Art therapy activities can help tremendously with problems related to anxiety, depression, autism, attention deficit hyperactivity disorder and even some conditions with psychosis, like Schizophrenia or substance abuse.
If you’re facing this, it may be a good idea to seek the help of a therapist or other mental health professional. You can find a therapist at BetterHelp who can help you learn how to cope and address it.
If you have any questions or comments about Art Therapy Activities, please feel free to reach out to us at any time.
Frequently Asked Questions (FAQs): Art Therapy activities PDF
What is art therapy and how does it work?
Art therapy is a technique that works on the principle of creative expression and believes that it can foster healing and mental well-being. It is a belief of the proponents of art therapy that art Art can lead to people exploring their emotions through either creating it or viewing others’ art, and therefore that and therefore this process can be used to develop self-awareness or even to cope with stress or boost self-esteem, and work on one’s social skills.

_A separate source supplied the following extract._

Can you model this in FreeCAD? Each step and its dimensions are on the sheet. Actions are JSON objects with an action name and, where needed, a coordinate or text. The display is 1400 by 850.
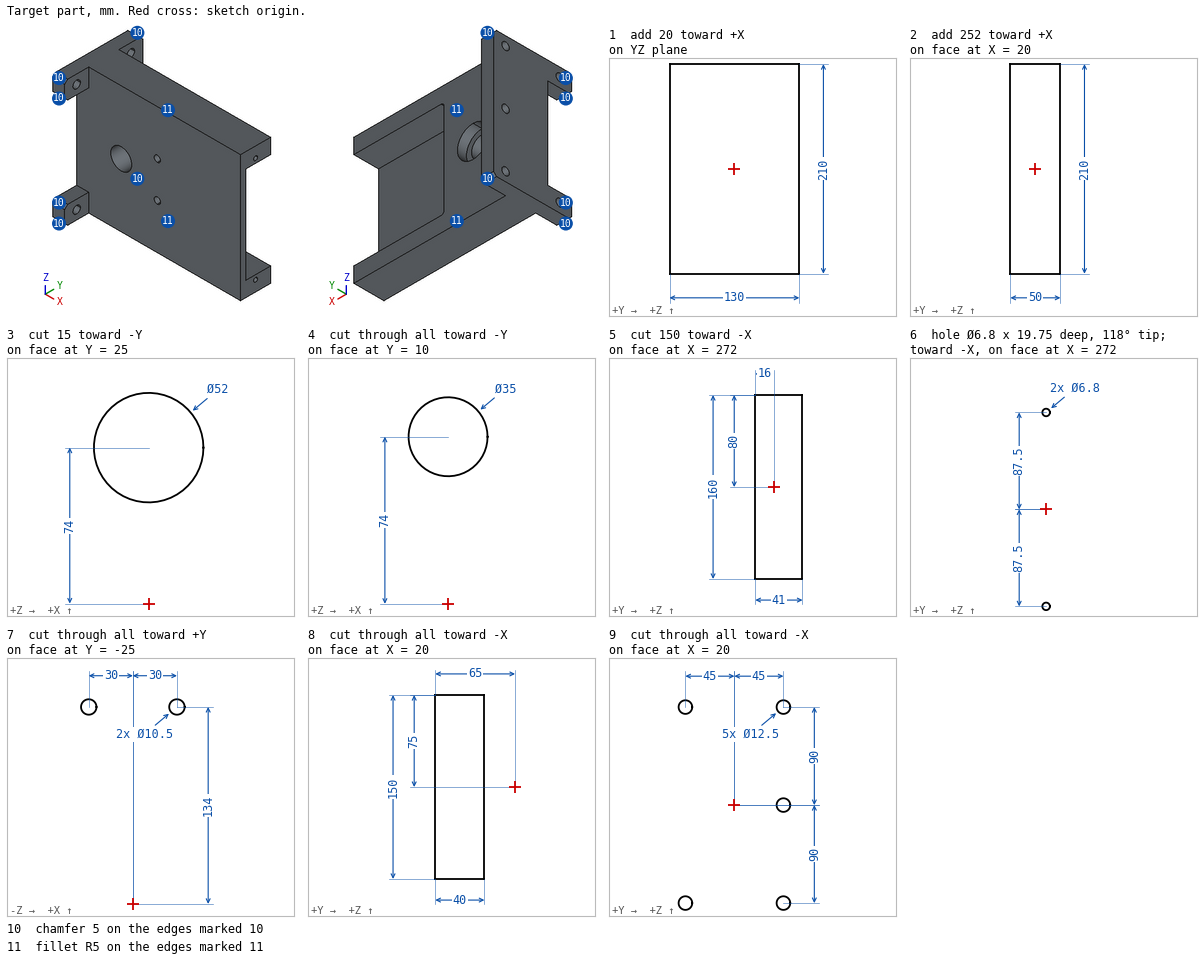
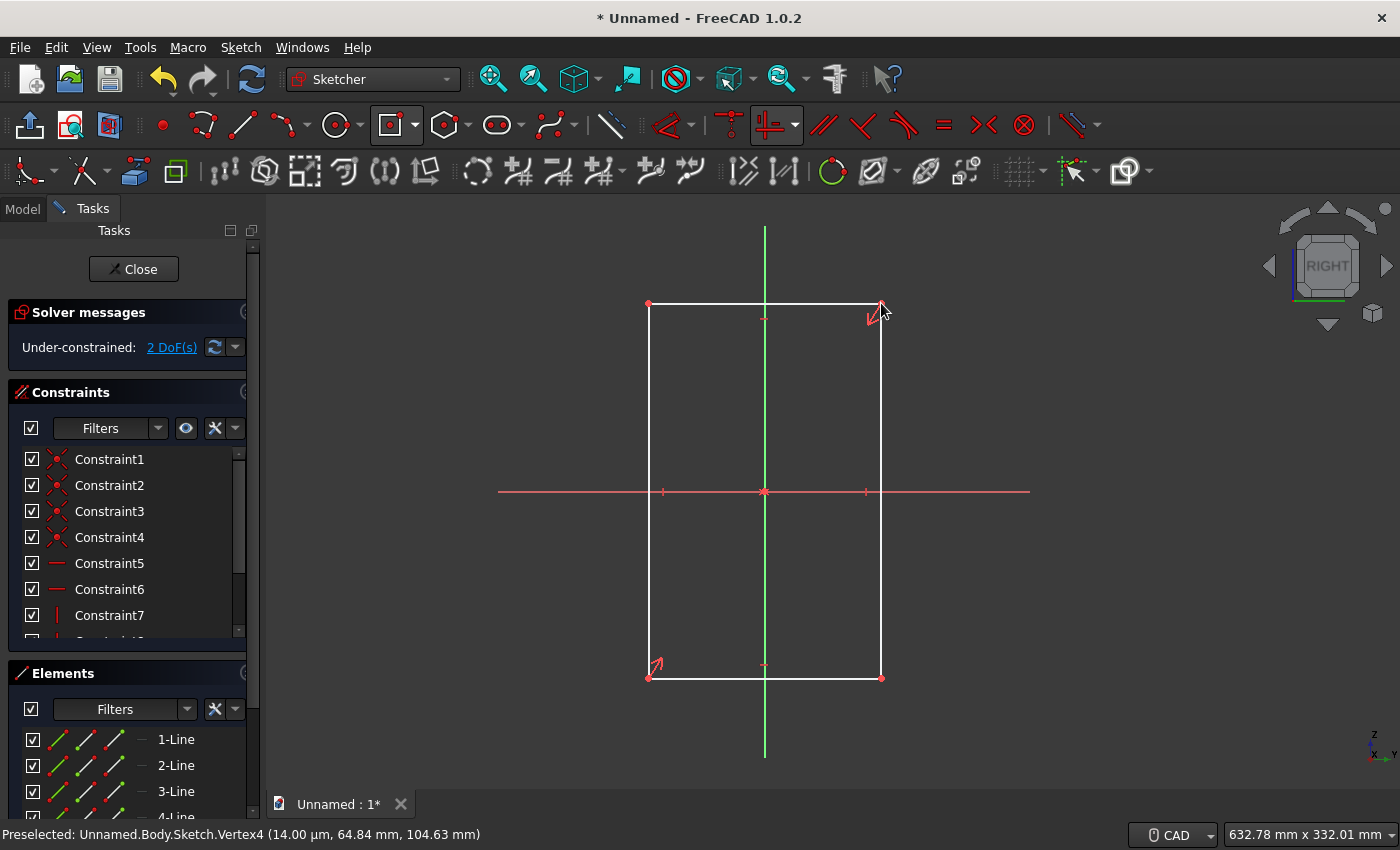
{"action": "left_click", "coordinate": [666, 126]}

What is the role of art therapist?
The role of an art therapist may be to aid the process of the individual’s self-expression through their artwork and to help clients understand their emotional conflicts which are being represented in whatever the artwork contains.
An Art Therapist may also help the person who is engaging in art therapy to develop social skills, improve self-esteem, manage addictions, reduce anxiety, and restore normal function through art in a healthy manner.
How is art therapy effective?
Art therapy is effective because it helps to improve cognitive and sensorimotor functions of the person engaging in it, and it has also been shown to foster self-esteem and self-awareness in individuals.
Art Therapy can also help cultivate emotional resilience and promote insight in people, and in those that have limitations in their social sphere, and artworks can also be used to enhance the person’s social skills, as well as reduce and resolve conflicts and distress, and advance societal and ecological change as well.
What is art therapy counseling?
Art Therapy counseling involves making use of artworks done by the individual in the context of art therapy and basing the counseling insights on these artworks.
Art therapy is an integrative mental health and human services approach that enriches the lives of individuals, families, and communities through active artworks, and creative processes, and it consists of applied psychological theory as well as knowledge of human experience within a psychotherapeutic relationship.